Они стали настоящими закадычными друзьями: темноволосый Жакоб – серьезный и любознательный – и блондин Жак – остроумный, большой мастер рифмовать стихи и любитель непристойных шуточек.

Жакоб начал часто бывать у Жака – в доме в стиле барокко с огромными железными воротами. Внутри все было отделано парчой и бархатом, в залах рядами висели в золоченых рамах портреты древних предков. Когда мальчики возвращались с занятий, по изящной витой лестнице к ним легкой походкой спускалась мать Жака, своей раскованностью и мешковатыми штанами являя поразительный контраст с чопорностью дома, хозяйкой которого она являлась. Они втроем пили чай с тостами и горячими булочками – леди Леонора была англичанкой и в своем французском доме придерживалась вкусов и обычаев, к которым привыкла с детства. Жак угощал ее шутками и сплетнями, собранными за день, и потом она уходила, оставляя друзей одних, и предупреждала только, чтобы они побольше времени уделили урокам.

После окончания занятий (Жакоб и Жак поделили первое место по успеваемости) Бреннеры пригласили Жакоба провести лето в их поместье в Бретани. Он с радостью согласился. Отец все время проводил на работе и, казалось, мало интересовался сыном. А общество матери годилось лишь для ссор. Сестра только и делала, что хихикала со своими глупыми подружками, а младший брат оставался еще ребенком, у них не могло быть никаких общих интересов. Мысль о лете, наполненном одними воспоминаниями о Мариэтт, наводила тоску.

Огромный величественный дом Бреннеров с башенками на фасаде и готическим шпилем стоял почти на берегу Атлантического океана. В поместье разводили скаковых лошадей, которых леди Леонора холила и лелеяла с особой любовью. В пасмурные туманные дни юноши носились верхом по продуваемым всеми ветрами полям, а потом падали в сырую траву и спорили, спорили: о ленинских реформах в России, о проблеме интернационализма, взвешивали все «за» и «против» пацифизма. Они беседовали и о своем будущем. Жакоб уже почти решил заняться медициной; Жак же еще не определился, он ко всему на свете относился скептически и воображал себя то именитым писателем, то финансистом, то виноделом.

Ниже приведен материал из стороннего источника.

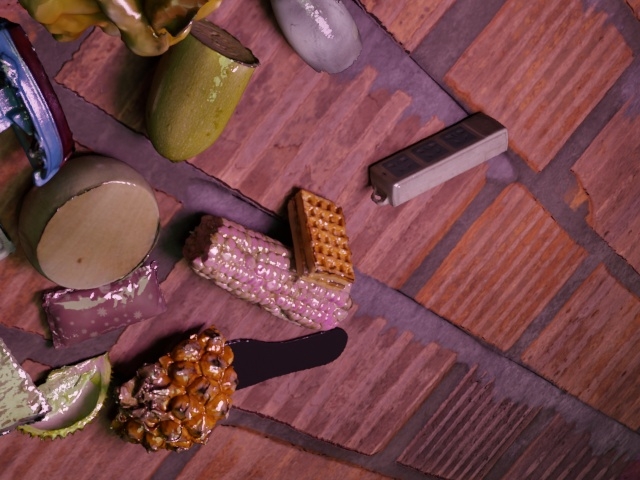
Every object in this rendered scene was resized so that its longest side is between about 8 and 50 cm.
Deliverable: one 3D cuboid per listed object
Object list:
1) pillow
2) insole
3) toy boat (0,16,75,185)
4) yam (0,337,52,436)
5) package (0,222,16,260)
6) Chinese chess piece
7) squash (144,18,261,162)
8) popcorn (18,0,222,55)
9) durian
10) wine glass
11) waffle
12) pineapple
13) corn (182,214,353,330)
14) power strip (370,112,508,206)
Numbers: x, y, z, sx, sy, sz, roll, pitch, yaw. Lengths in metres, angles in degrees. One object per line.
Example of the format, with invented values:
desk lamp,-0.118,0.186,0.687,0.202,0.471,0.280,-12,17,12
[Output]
pillow,-0.311,0.097,1.398,0.185,0.043,0.118,-22,135,-24
insole,-0.094,0.210,1.688,0.348,0.009,0.119,-8,128,-34
toy boat,-0.362,-0.154,1.115,0.097,0.100,0.223,-37,136,-24
yam,-0.519,0.200,1.199,0.271,0.201,0.202,-33,113,-24
package,-0.490,0.001,1.190,0.171,0.027,0.173,-33,141,-14
Chinese chess piece,-0.310,-0.024,1.279,0.188,0.083,0.188,-24,137,-25
squash,-0.166,-0.187,1.240,0.123,0.123,0.187,6,122,-42
popcorn,-0.211,-0.364,0.973,0.325,0.290,0.321,38,63,-11
durian,-0.405,0.247,1.437,0.215,0.086,0.100,-26,101,-25
wine glass,0.025,-0.336,1.184,0.309,0.264,0.096,46,53,-48
waffle,0.000,0.000,1.501,0.042,0.148,0.102,-30,148,34
pineapple,-0.231,0.254,1.483,0.250,0.140,0.164,-45,160,0
corn,-0.080,0.057,1.499,0.335,0.126,0.127,24,105,-45
power strip,0.199,-0.138,1.597,0.272,0.078,0.052,-26,133,-20
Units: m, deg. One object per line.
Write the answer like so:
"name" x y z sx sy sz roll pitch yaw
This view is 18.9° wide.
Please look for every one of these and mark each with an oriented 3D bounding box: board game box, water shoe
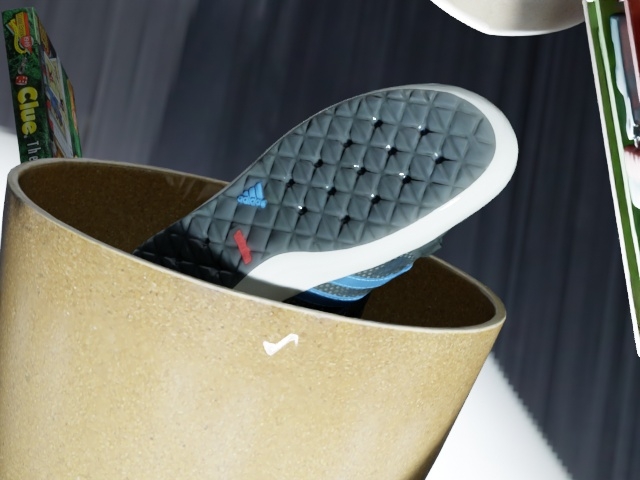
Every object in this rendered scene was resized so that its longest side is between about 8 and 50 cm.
"board game box" -0.192 -0.027 1.412 0.030 0.259 0.136 -10 158 -1
"water shoe" 0.000 0.000 0.822 0.203 0.073 0.080 -27 151 20

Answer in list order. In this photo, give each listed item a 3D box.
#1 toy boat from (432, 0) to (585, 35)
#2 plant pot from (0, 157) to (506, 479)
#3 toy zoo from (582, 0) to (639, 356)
"toy boat" 0.089 -0.269 1.468 0.318 0.148 0.267 13 -151 -2
"plant pot" -0.061 0.117 0.910 0.237 0.254 0.237 15 -170 -3
"toy zoo" 0.150 -0.022 0.784 0.030 0.192 0.293 -10 -175 2
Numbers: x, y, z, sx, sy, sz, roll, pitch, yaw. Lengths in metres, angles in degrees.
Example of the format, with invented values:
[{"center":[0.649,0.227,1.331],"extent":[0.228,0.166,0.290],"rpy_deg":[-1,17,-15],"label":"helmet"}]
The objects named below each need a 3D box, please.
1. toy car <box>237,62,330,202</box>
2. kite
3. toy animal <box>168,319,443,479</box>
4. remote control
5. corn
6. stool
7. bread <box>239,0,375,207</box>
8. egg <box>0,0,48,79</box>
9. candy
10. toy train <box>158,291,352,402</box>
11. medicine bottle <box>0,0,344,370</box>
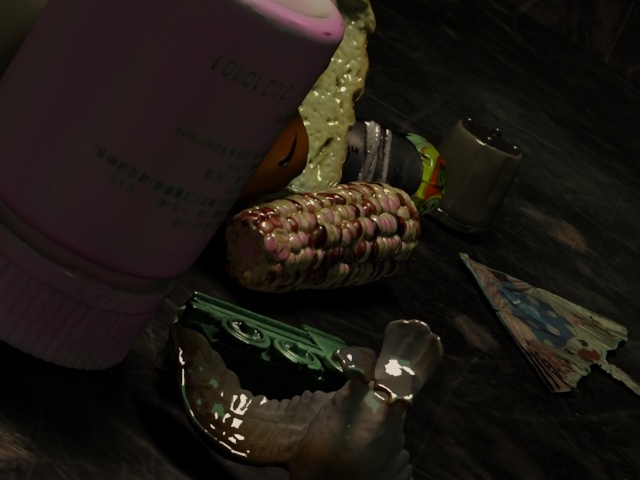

Когда погода стояла ясная, они направляли лошадей в одну из песчаных бухточек, которых на берегу было великое множество. Мать Жака частенько сопровождала их в этих прогулках. Они валялись на пляже, ныряли в ледяную воду океана, мальчики с хохотом прыгали на волнах. Наступала пора завтракать, и, как по мановению волшебной палочки, появлялся слуга, приносивший холодного цыпленка под майонезом, лангустов, хрустящие огурчики, спелые томаты и сладкие черные вишни. А иногда мать Жака везла их в автомобиле в маленький отель на берегу, где они ели устриц в соусе виши, пока леди Леонора развлекала их рассказами об Англии. Она казалась Жакобу самой привлекательной женщиной, которую он когда-либо видел: тонкие изящные руки, коротко подстриженные светлые волосы, огромные серые глаза.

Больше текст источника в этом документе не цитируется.